I keep a dryer sheet rubber banded to the side of the lye bottle to remind me to use it.  It helps.


----------



## DeeAnna (Dec 9, 2016)

The problem is caused by low humidity this time of year (I live in Iowa too.) The lack of water vapor in the air doesn't let static charge dissipate, compared to when the air is more humid. For those like me who adamantly refuse to buy dryer sheets, here are some other ideas --

Wipe down the area with a damp cloth to temporarily increase the humidity around your scale.
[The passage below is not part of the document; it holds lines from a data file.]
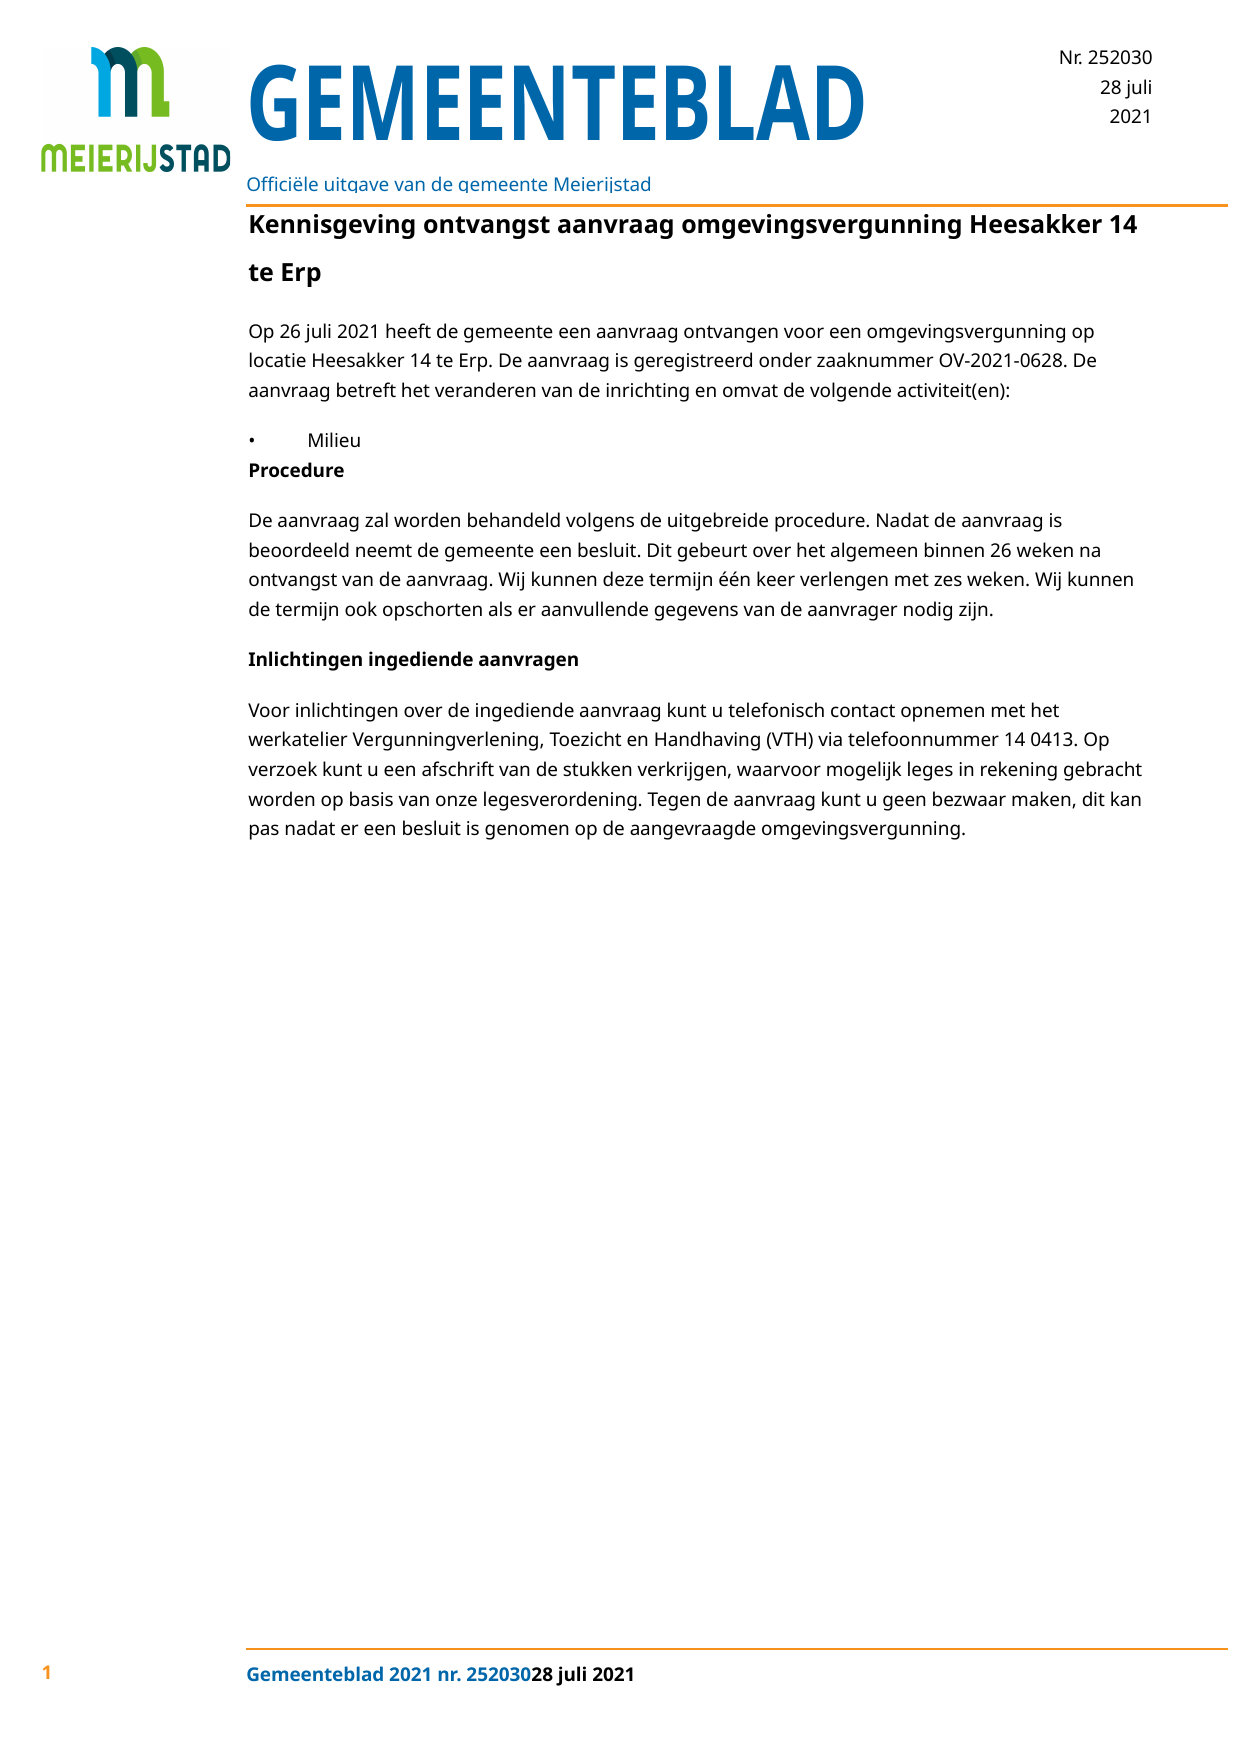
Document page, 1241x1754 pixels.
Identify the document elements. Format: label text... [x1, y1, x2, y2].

text Procedure [248, 457, 1152, 483]
text Op 26 juli 2021 heeft de gemeente een aanvraag ontvangen voor een omgevingsvergunning op locatie Heesakker 14 te Erp. De aanvraag is geregistreerd onder zaaknummer OV-2021-0628. De aanvraag betreft het veranderen van de inrichting en omvat de volgende activiteit(en): [248, 318, 1152, 403]
list Milieu [248, 427, 1152, 453]
text De aanvraag zal worden behandeld volgens de uitgebreide procedure. Nadat de aanvraag is beoordeeld neemt de gemeente een besluit. Dit gebeurt over het algemeen binnen 26 weken na ontvangst van de aanvraag. Wij kunnen deze termijn één keer verlengen met zes weken. Wij kunnen de termijn ook opschorten als er aanvullende gegevens van de aanvrager nodig zijn. [248, 507, 1152, 622]
text Inlichtingen ingediende aanvragen [248, 647, 1152, 672]
text Kennisgeving ontvangst aanvraag omgevingsvergunning Heesakker 14 te Erp [248, 207, 1152, 288]
text Voor inlichtingen over de ingediende aanvraag kunt u telefonisch contact opnemen met het werkatelier Vergunningverlening, Toezicht en Handhaving (VTH) via telefoonnummer 14 0413. Op verzoek kunt u een afschrift van de stukken verkrijgen, waarvoor mogelijk leges in rekening gebracht worden op basis van onze legesverordening. Tegen de aanvraag kunt u geen bezwaar maken, dit kan pas nadat er een besluit is genomen op de aangevraagde omgevingsvergunning. [248, 697, 1152, 841]
picture [41, 47, 231, 172]
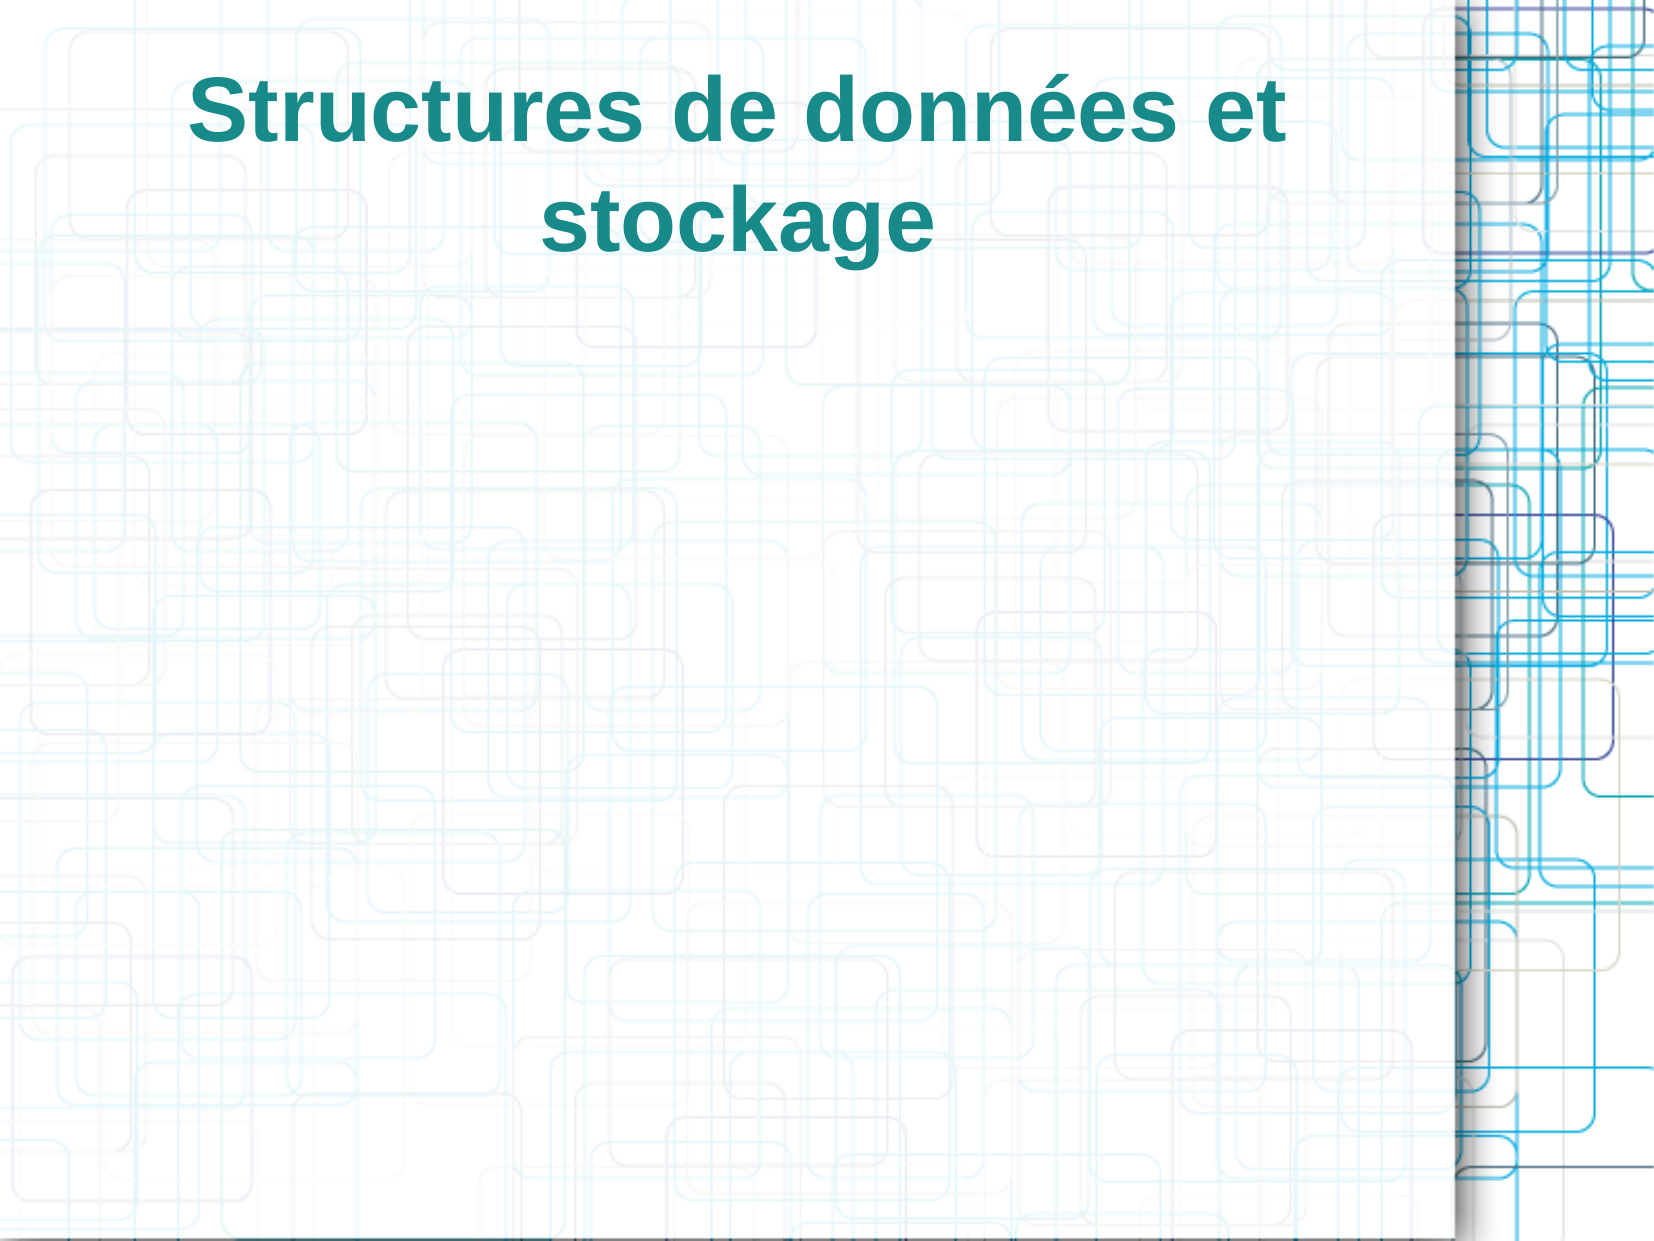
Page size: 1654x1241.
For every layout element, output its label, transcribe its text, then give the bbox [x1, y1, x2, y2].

picture [0, 0, 1654, 1241]
title Structures de données et stockage [59, 49, 1418, 257]

Wipe the counter, the platform of the scale, even the outside of the container you're measuring lye into.

Before you open the container in which your lye is stored, shake the container for 5-10 seconds. Keep a few fingers on the container's cap while you shake for safety -- sometimes caps loosen unexpectedly.
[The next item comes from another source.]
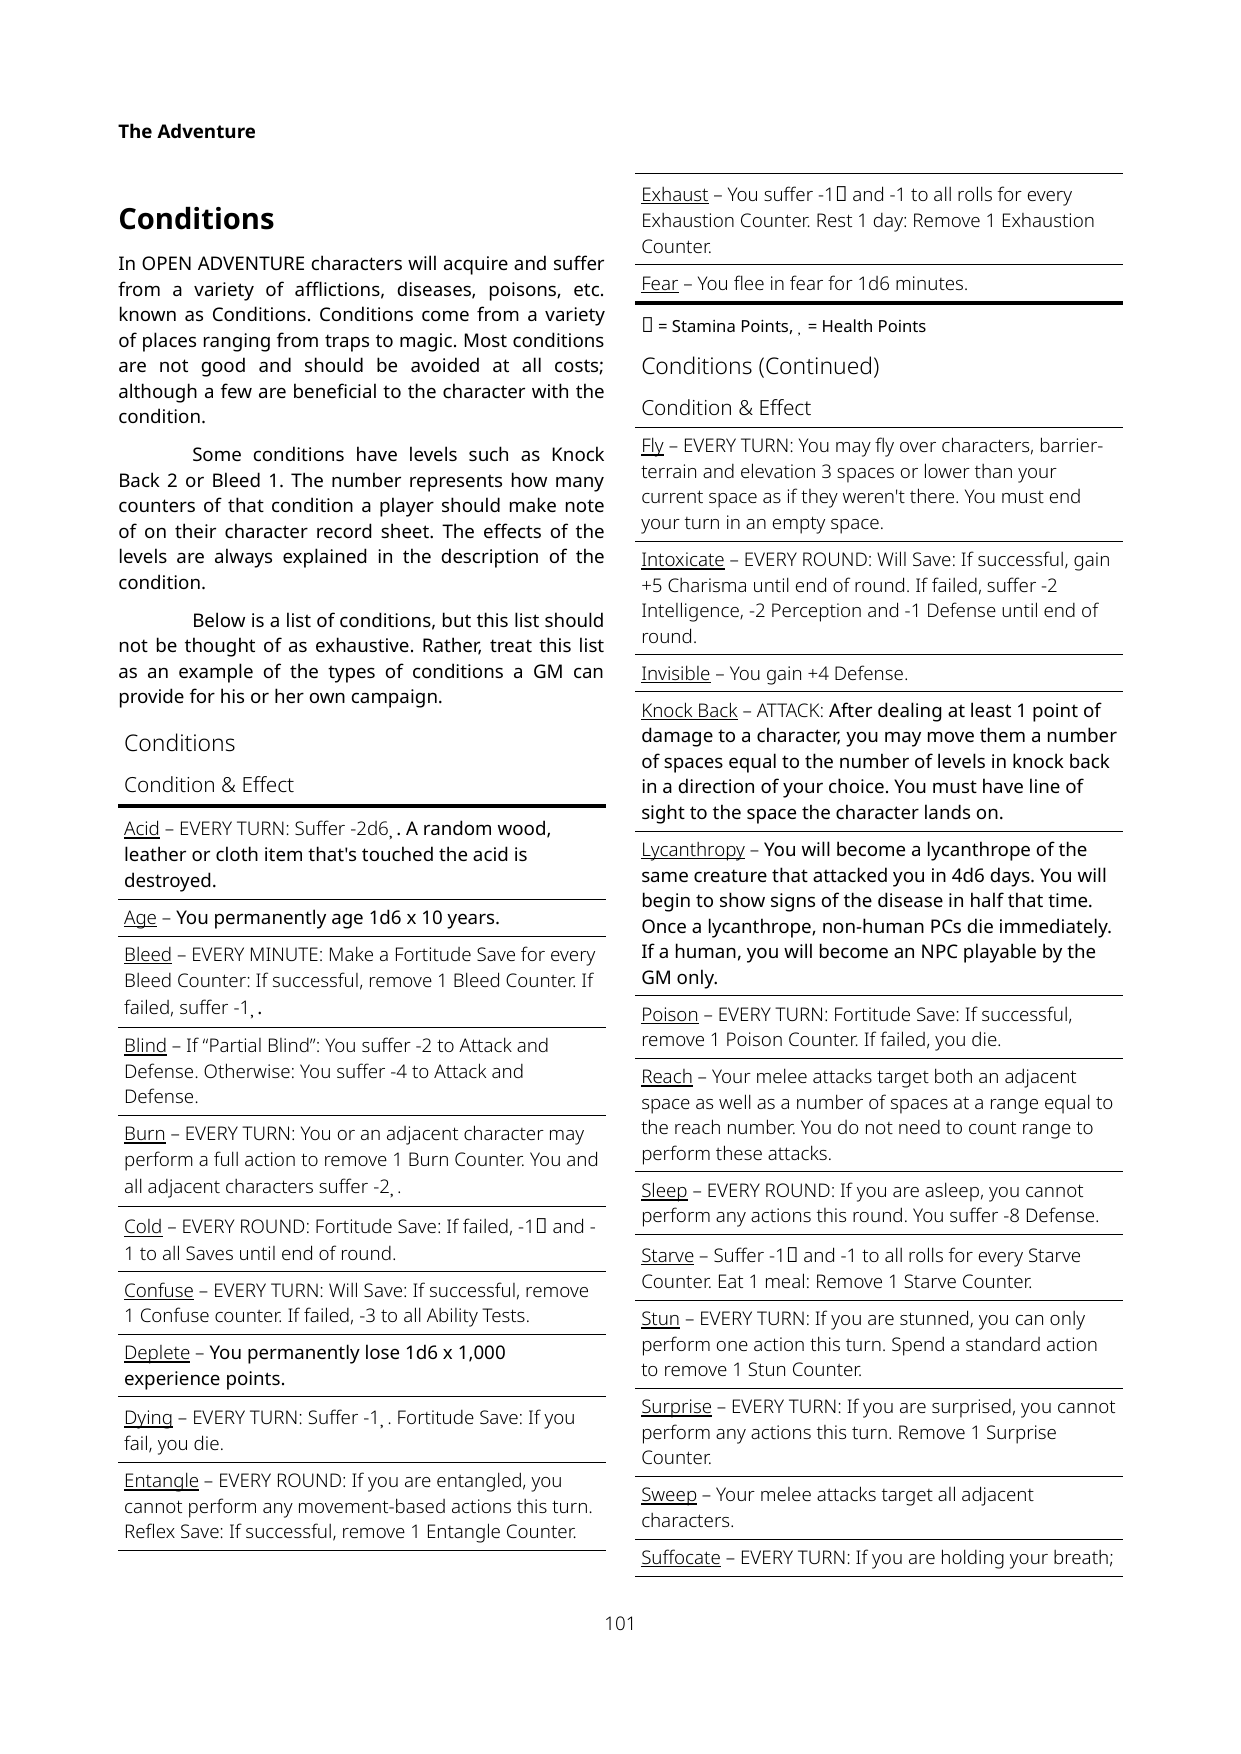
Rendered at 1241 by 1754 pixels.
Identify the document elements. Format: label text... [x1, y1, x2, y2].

Measure into a metal container (not aluminum!) I don't do this, but it's an option to consider.


----------



## earlene (Dec 9, 2016)

If you don't use dryer sheets (I detest them), you can purchase a spray bottle of anti-static fabric spray (example: Downy Static Guard) and keep a bottle of that with a paper towel or cloth rag to use instead. That's what I have sitting next to my lye-storage bucket. BEFORE opening the lye container, lightly spray the rag or paper towel with the static guard and wait for any mist to settle. Then open and wipe. I prefer this to buying a box of dryer sheets that I will never in my life put in my dryer (plus I don't like the smell of them.)



DeeAnna said:


> The problem is caused by low humidity this time of year (I live in Iowa too.) The lack of water vapor in the air doesn't let static charge dissipate, compared to when the air is more humid. For those like me who adamantly refuse to buy dryer sheets, here are some other ideas --
> 
> Wipe down the area with a damp cloth to temporarily increase the humidity around your scale. Wipe the counter, the platform of the scale, even the outside of the container you're measuring lye into.
> 
> ...


 
Thank you, DeeAnna. I did not know that! I was wondering why I had not had any lye static in so long.

Glad to know I am not the only one here who refuses to buy dryer sheets. I don't even use fabric softener at all. IMO it's an unnecessary waste of money.


----------



## mommycarlson (Dec 9, 2016)

Thank you everyone, I don't use dryer sheets OR fabric softener, but just 2 days ago I needed to clean my oven racks, I looked up some easy ways and one was to soak your oven racks in the bathtub with hot water, dawn and dryer sheets.  True story!  So I actually have a box of them in the closet and boy Earlene, I remebered why I don't like them, I can smell them every time I walk by that closet    I am going to rubber band a dryer sheet to my lye bottle.  I thought I got some faulty lye or something!


----------



## Scooter (Dec 9, 2016)

Wow I had never heard about this before. Thanks for the great tip y'all.

Scooter


----------



## DeeAnna (Dec 9, 2016)

Back in the days when I wore chinos or dress pants (paired with clunky steel toed shoes -- quite the fashion statement!), I used anti-static spray sometimes, and it did work well although I didn't care for the smell very much. Nowadays my attire is jeans and a flannel work shirt, and I don't have a problem with static cling. But I might have an ancient can of the stuff somewhere. <...rummaging in the closet...> If I find it, I'll give it a try.


----------



## Nevada (Dec 9, 2016)

I use a Stainless Steel Milk Shake Cup. 
Write the weight of the empty cup on the container.
Roy


----------



## mommycarlson (Dec 9, 2016)

I did the dryer sheet thing and it helped tremendously.  Almost no static, there was a tiny bit of lye dancing around but not covering the counter like yesterday!


----------